⟨

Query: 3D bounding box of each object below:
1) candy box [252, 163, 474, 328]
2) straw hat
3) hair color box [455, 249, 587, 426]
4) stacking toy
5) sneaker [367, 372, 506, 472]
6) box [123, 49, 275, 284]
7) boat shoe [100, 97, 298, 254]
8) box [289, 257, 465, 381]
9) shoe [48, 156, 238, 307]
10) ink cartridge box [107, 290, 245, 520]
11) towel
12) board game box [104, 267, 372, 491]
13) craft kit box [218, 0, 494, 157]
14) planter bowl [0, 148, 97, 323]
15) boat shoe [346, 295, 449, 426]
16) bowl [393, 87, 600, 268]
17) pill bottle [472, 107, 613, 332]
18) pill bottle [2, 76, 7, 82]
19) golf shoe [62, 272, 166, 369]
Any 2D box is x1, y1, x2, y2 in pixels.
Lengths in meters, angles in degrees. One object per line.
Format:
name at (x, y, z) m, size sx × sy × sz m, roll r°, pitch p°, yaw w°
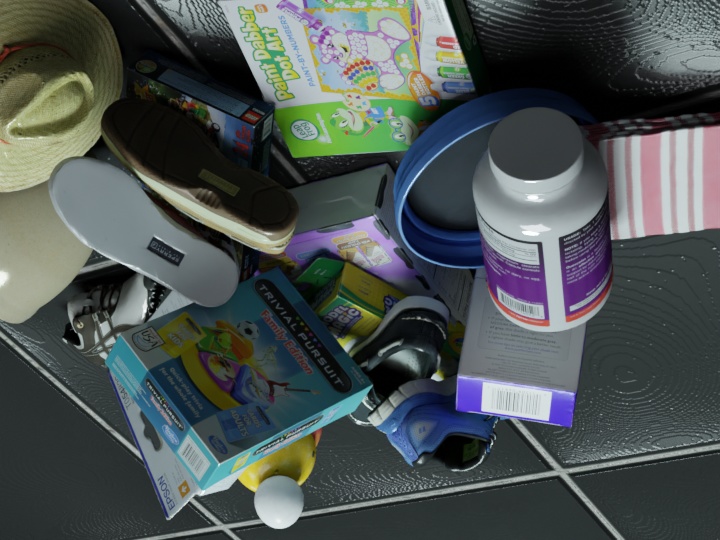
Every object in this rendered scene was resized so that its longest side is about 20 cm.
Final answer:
candy box at (0.000, 0.000, 1.745) m, size 0.167 × 0.072 × 0.200 m, roll -12°, pitch 136°, yaw 31°
straw hat at (-0.278, -0.148, 1.528) m, size 0.085 × 0.201 × 0.201 m, roll 32°, pitch 167°, yaw 50°
hair color box at (0.155, 0.039, 1.637) m, size 0.109 × 0.201 × 0.065 m, roll 8°, pitch 145°, yaw 7°
stacking toy at (-0.089, 0.177, 1.782) m, size 0.145 × 0.201 × 0.147 m, roll -5°, pitch 137°, yaw -5°
sneaker at (0.094, 0.146, 1.660) m, size 0.199 × 0.089 × 0.079 m, roll -10°, pitch 153°, yaw -48°
box at (-0.153, -0.090, 1.640) m, size 0.136 × 0.038 × 0.201 m, roll 25°, pitch 135°, yaw 17°
boat shoe at (-0.148, -0.075, 1.575) m, size 0.200 × 0.072 × 0.076 m, roll 36°, pitch 154°, yaw 10°
box at (0.013, 0.064, 1.725) m, size 0.199 × 0.049 × 0.117 m, roll 29°, pitch 139°, yaw -17°
shoe at (-0.203, -0.038, 1.593) m, size 0.200 × 0.072 × 0.091 m, roll 35°, pitch 176°, yaw -26°
ink cartridge box at (-0.156, 0.112, 1.764) m, size 0.040 × 0.200 × 0.200 m, roll 11°, pitch 131°, yaw -45°
towel at (0.277, -0.085, 1.548) m, size 0.199 × 0.030 × 0.147 m, roll -6°, pitch 143°, yaw 6°
board game box at (-0.108, 0.093, 1.618) m, size 0.151 × 0.200 × 0.047 m, roll 50°, pitch 135°, yaw 16°
craft kit box at (0.003, -0.182, 1.530) m, size 0.196 × 0.049 × 0.200 m, roll 0°, pitch 141°, yaw 23°
planter bowl at (-0.317, -0.070, 1.681) m, size 0.134 × 0.201 × 0.200 m, roll -30°, pitch 131°, yaw 9°
boat shoe at (0.025, 0.100, 1.680) m, size 0.075 × 0.061 × 0.200 m, roll 16°, pitch 141°, yaw -7°
bowl at (0.123, -0.081, 1.560) m, size 0.199 × 0.040 × 0.201 m, roll -13°, pitch 143°, yaw -10°
pill bottle at (0.154, -0.044, 1.495) m, size 0.112 × 0.113 × 0.200 m, roll 4°, pitch 145°, yaw 13°
pill bottle at (-0.384, -0.207, 1.562) m, size 0.114 × 0.115 × 0.200 m, roll -5°, pitch 139°, yaw 23°
golf shoe at (-0.264, 0.046, 1.889) m, size 0.094 × 0.078 × 0.200 m, roll 22°, pitch 142°, yaw -10°
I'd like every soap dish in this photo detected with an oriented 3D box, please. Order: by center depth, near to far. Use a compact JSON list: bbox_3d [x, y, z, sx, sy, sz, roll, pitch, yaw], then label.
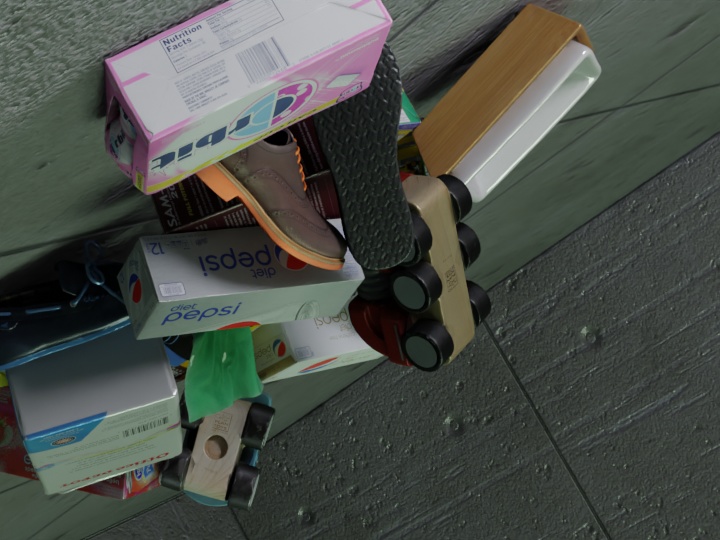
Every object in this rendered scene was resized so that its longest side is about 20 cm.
[{"bbox_3d":[0.141,-0.162,1.510,0.200,0.081,0.157,-48,169,8],"label":"soap dish"}]

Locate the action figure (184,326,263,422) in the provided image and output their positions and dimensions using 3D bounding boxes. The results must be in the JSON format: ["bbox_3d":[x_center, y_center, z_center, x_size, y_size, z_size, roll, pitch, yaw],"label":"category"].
[{"bbox_3d":[-0.139,0.026,1.437,0.054,0.202,0.118,4,-166,27],"label":"action figure"}]

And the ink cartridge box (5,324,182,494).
[{"bbox_3d":[-0.247,0.131,1.465,0.143,0.085,0.200,-16,159,-11],"label":"ink cartridge box"}]

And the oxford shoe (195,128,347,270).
[{"bbox_3d":[-0.064,-0.068,1.238,0.073,0.071,0.200,-47,132,4],"label":"oxford shoe"}]

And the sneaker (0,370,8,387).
[{"bbox_3d":[-0.303,0.074,1.494,0.084,0.075,0.200,-32,171,6],"label":"sneaker"}]

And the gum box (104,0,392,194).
[{"bbox_3d":[-0.084,-0.133,1.075,0.199,0.067,0.114,-28,170,-15],"label":"gum box"}]

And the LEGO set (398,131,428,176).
[{"bbox_3d":[0.030,-0.043,1.621,0.115,0.155,0.200,-13,154,11],"label":"LEGO set"}]

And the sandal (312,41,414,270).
[{"bbox_3d":[-0.001,-0.100,1.266,0.074,0.203,0.048,-9,-159,-7],"label":"sandal"}]

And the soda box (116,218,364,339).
[{"bbox_3d":[-0.100,0.007,1.322,0.198,0.064,0.068,-6,153,-32],"label":"soda box"}]

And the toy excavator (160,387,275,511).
[{"bbox_3d":[-0.140,0.156,1.701,0.099,0.197,0.200,14,176,1],"label":"toy excavator"}]

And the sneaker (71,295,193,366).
[{"bbox_3d":[-0.196,0.033,1.480,0.077,0.071,0.200,-23,153,21],"label":"sneaker"}]

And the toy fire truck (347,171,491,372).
[{"bbox_3d":[0.000,0.000,1.469,0.198,0.178,0.129,10,-143,35],"label":"toy fire truck"}]

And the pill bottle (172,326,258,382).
[{"bbox_3d":[-0.179,0.044,1.625,0.199,0.110,0.109,-35,170,25],"label":"pill bottle"}]

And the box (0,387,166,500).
[{"bbox_3d":[-0.304,0.171,1.652,0.198,0.097,0.099,9,-172,24],"label":"box"}]

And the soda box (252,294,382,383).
[{"bbox_3d":[-0.033,0.071,1.709,0.068,0.064,0.199,-30,165,40],"label":"soda box"}]

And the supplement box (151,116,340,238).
[{"bbox_3d":[-0.075,-0.069,1.341,0.198,0.061,0.109,-22,157,-4],"label":"supplement box"}]

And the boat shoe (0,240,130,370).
[{"bbox_3d":[-0.250,0.024,1.356,0.198,0.069,0.084,-25,-160,-16],"label":"boat shoe"}]

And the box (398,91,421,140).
[{"bbox_3d":[-0.049,-0.099,1.466,0.199,0.049,0.117,-34,170,31],"label":"box"}]
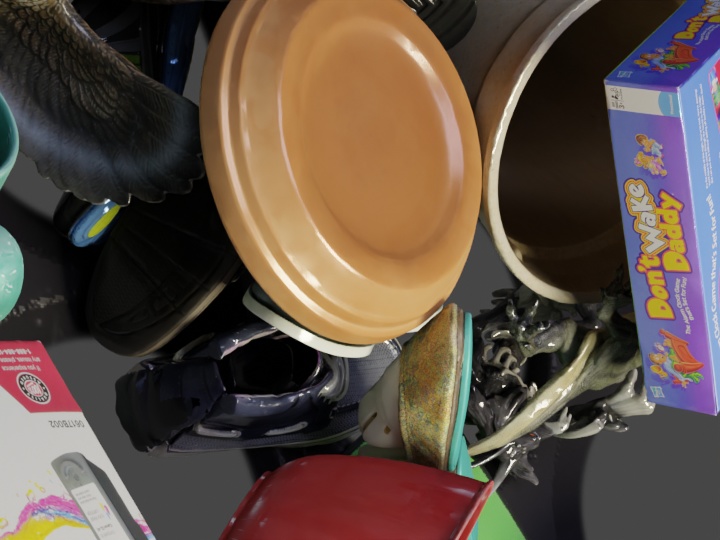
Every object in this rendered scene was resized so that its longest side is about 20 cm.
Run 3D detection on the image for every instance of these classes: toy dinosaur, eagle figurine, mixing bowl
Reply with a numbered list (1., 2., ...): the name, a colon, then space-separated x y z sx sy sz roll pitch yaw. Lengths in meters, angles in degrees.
1. toy dinosaur: 0.127 0.041 1.490 0.200 0.047 0.088 -32 142 -7
2. eagle figurine: -0.152 -0.143 1.367 0.200 0.152 0.151 38 19 -32
3. mixing bowl: -0.025 0.171 1.369 0.108 0.200 0.200 29 52 5

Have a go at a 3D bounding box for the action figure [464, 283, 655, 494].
1. action figure: 0.113 0.046 1.575 0.119 0.102 0.200 49 45 -36

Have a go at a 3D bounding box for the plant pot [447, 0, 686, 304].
1. plant pot: 0.099 -0.109 1.539 0.200 0.183 0.201 -19 124 -30

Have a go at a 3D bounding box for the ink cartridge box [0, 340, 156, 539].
1. ink cartridge box: -0.169 0.135 1.244 0.200 0.086 0.148 55 22 18

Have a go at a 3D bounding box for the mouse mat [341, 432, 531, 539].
1. mouse mat: 0.024 0.177 1.516 0.200 0.008 0.161 -40 102 -41

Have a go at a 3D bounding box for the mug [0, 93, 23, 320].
1. mug: -0.250 -0.038 1.250 0.152 0.115 0.185 19 30 -29

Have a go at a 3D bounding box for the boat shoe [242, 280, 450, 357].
1. boat shoe: 0.000 0.000 1.423 0.073 0.062 0.200 32 17 19

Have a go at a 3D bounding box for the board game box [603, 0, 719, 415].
1. board game box: 0.194 -0.043 1.448 0.134 0.045 0.200 -42 131 -44

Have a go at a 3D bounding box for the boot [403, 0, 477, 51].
1. boot: -0.020 -0.222 1.450 0.211 0.079 0.158 44 24 -36

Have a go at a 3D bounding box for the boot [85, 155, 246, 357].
1. boot: -0.054 -0.027 1.457 0.200 0.073 0.151 -57 155 1

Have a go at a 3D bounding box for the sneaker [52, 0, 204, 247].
1. sneaker: -0.136 -0.105 1.446 0.082 0.071 0.200 12 72 -2

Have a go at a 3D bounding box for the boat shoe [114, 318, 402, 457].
1. boat shoe: -0.030 0.058 1.452 0.200 0.093 0.075 -13 83 -43

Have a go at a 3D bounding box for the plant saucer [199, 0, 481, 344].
1. plant saucer: 0.000 -0.064 1.356 0.200 0.037 0.201 16 68 -46

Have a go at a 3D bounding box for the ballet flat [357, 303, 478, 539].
1. ballet flat: 0.030 0.092 1.440 0.070 0.200 0.071 -2 52 2
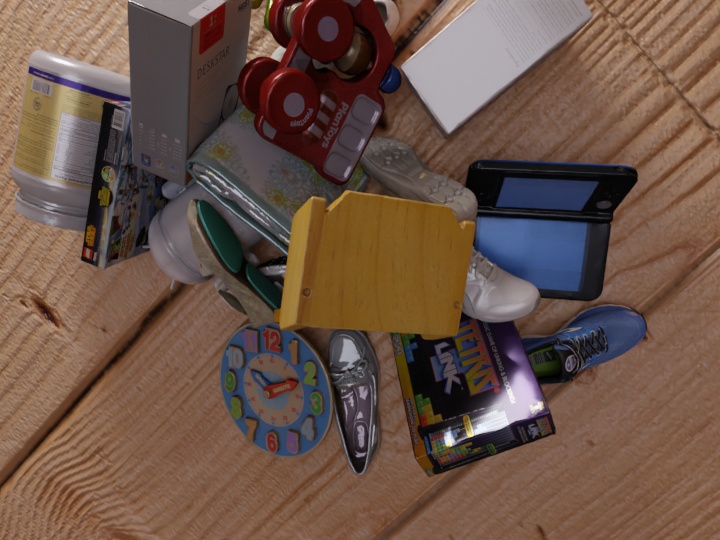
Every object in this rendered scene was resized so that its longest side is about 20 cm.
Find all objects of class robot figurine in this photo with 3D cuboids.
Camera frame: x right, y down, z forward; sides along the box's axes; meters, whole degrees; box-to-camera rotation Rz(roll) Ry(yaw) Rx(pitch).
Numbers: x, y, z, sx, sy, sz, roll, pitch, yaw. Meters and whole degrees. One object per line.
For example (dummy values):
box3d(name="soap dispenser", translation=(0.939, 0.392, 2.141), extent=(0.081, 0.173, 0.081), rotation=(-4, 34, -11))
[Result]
box3d(name="robot figurine", translation=(-0.203, -0.060, 0.803), extent=(0.198, 0.113, 0.172), rotation=(-35, 80, 12))

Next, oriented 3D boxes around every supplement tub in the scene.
box3d(name="supplement tub", translation=(-0.375, -0.168, 0.792), extent=(0.142, 0.145, 0.205), rotation=(18, 102, 4))

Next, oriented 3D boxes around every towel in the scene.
box3d(name="towel", translation=(-0.094, -0.120, 0.754), extent=(0.199, 0.173, 0.048), rotation=(40, 141, -9))

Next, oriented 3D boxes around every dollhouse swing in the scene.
box3d(name="dollhouse swing", translation=(0.000, 0.000, 0.714), extent=(0.195, 0.175, 0.187), rotation=(5, 99, -22))

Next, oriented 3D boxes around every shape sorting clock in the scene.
box3d(name="shape sorting clock", translation=(-0.124, 0.171, 0.849), extent=(0.195, 0.039, 0.206), rotation=(4, 99, 27))

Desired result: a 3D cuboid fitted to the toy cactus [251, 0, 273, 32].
box3d(name="toy cactus", translation=(-0.104, -0.396, 0.725), extent=(0.163, 0.101, 0.205), rotation=(30, 119, 36))

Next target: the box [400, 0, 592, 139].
box3d(name="box", translation=(0.155, -0.262, 0.715), extent=(0.198, 0.124, 0.098), rotation=(-38, 93, 11))

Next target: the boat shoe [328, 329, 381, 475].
box3d(name="boat shoe", translation=(-0.009, 0.180, 0.842), extent=(0.072, 0.065, 0.208), rotation=(-4, 98, 8))

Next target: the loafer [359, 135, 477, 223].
box3d(name="loafer", translation=(0.064, -0.104, 0.759), extent=(0.069, 0.071, 0.200), rotation=(-29, 54, -25))

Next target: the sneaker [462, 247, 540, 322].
box3d(name="sneaker", translation=(0.131, 0.004, 0.754), extent=(0.196, 0.071, 0.082), rotation=(18, 133, 25))

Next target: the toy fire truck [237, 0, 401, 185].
box3d(name="toy fire truck", translation=(-0.036, -0.221, 0.695), extent=(0.166, 0.112, 0.203), rotation=(22, 101, -36))

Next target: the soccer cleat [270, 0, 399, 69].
box3d(name="soccer cleat", translation=(-0.043, -0.290, 0.761), extent=(0.196, 0.078, 0.071), rotation=(-25, 96, 11))

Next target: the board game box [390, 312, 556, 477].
box3d(name="board game box", translation=(0.131, 0.132, 0.751), extent=(0.162, 0.203, 0.057), rotation=(-24, 133, 12))

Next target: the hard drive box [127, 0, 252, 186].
box3d(name="hard drive box", translation=(-0.201, -0.233, 0.712), extent=(0.075, 0.157, 0.203), rotation=(21, 134, 4))

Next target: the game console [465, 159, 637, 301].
box3d(name="game console", translation=(0.226, -0.046, 0.750), extent=(0.194, 0.171, 0.122), rotation=(3, 74, 7))

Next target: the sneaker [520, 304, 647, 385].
box3d(name="sneaker", translation=(0.279, 0.109, 0.779), extent=(0.196, 0.089, 0.080), rotation=(-24, 97, 11))

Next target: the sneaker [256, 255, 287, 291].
box3d(name="sneaker", translation=(-0.063, 0.018, 0.819), extent=(0.194, 0.074, 0.082), rotation=(-4, 103, 9))

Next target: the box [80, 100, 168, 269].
box3d(name="box", translation=(-0.297, -0.117, 0.786), extent=(0.039, 0.137, 0.205), rotation=(19, 106, 7))

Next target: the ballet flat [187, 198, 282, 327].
box3d(name="ballet flat", translation=(-0.166, 0.003, 0.743), extent=(0.061, 0.068, 0.202), rotation=(-24, 124, 15))

⟩

### WHAT NEEDS TO BE DONE:
Please output the lines above beginning at the line with "Have a go at a 3D bounding box for the sneaker" and ending after the line with "rotation=(-4, 34, -11))", precisely as written and with no pictures.

### EXERCISE SOLUTION:
Have a go at a 3D bounding box for the sneaker [52, 0, 204, 247].
1. sneaker: -0.136 -0.105 1.446 0.082 0.071 0.200 12 72 -2

Have a go at a 3D bounding box for the boat shoe [114, 318, 402, 457].
1. boat shoe: -0.030 0.058 1.452 0.200 0.093 0.075 -13 83 -43

Have a go at a 3D bounding box for the plant saucer [199, 0, 481, 344].
1. plant saucer: 0.000 -0.064 1.356 0.200 0.037 0.201 16 68 -46

Have a go at a 3D bounding box for the ballet flat [357, 303, 478, 539].
1. ballet flat: 0.030 0.092 1.440 0.070 0.200 0.071 -2 52 2
Every object in this rendered scene was resized so that its longest side is about 20 cm.
Find all objects of class robot figurine in this photo with 3D cuboids.
Camera frame: x right, y down, z forward; sides along the box's axes; meters, whole degrees; box-to-camera rotation Rz(roll) Ry(yaw) Rx(pitch).
Numbers: x, y, z, sx, sy, sz, roll, pitch, yaw. Meters and whole degrees. One object per line.
For example (dummy values):
box3d(name="soap dispenser", translation=(0.939, 0.392, 2.141), extent=(0.081, 0.173, 0.081), rotation=(-4, 34, -11))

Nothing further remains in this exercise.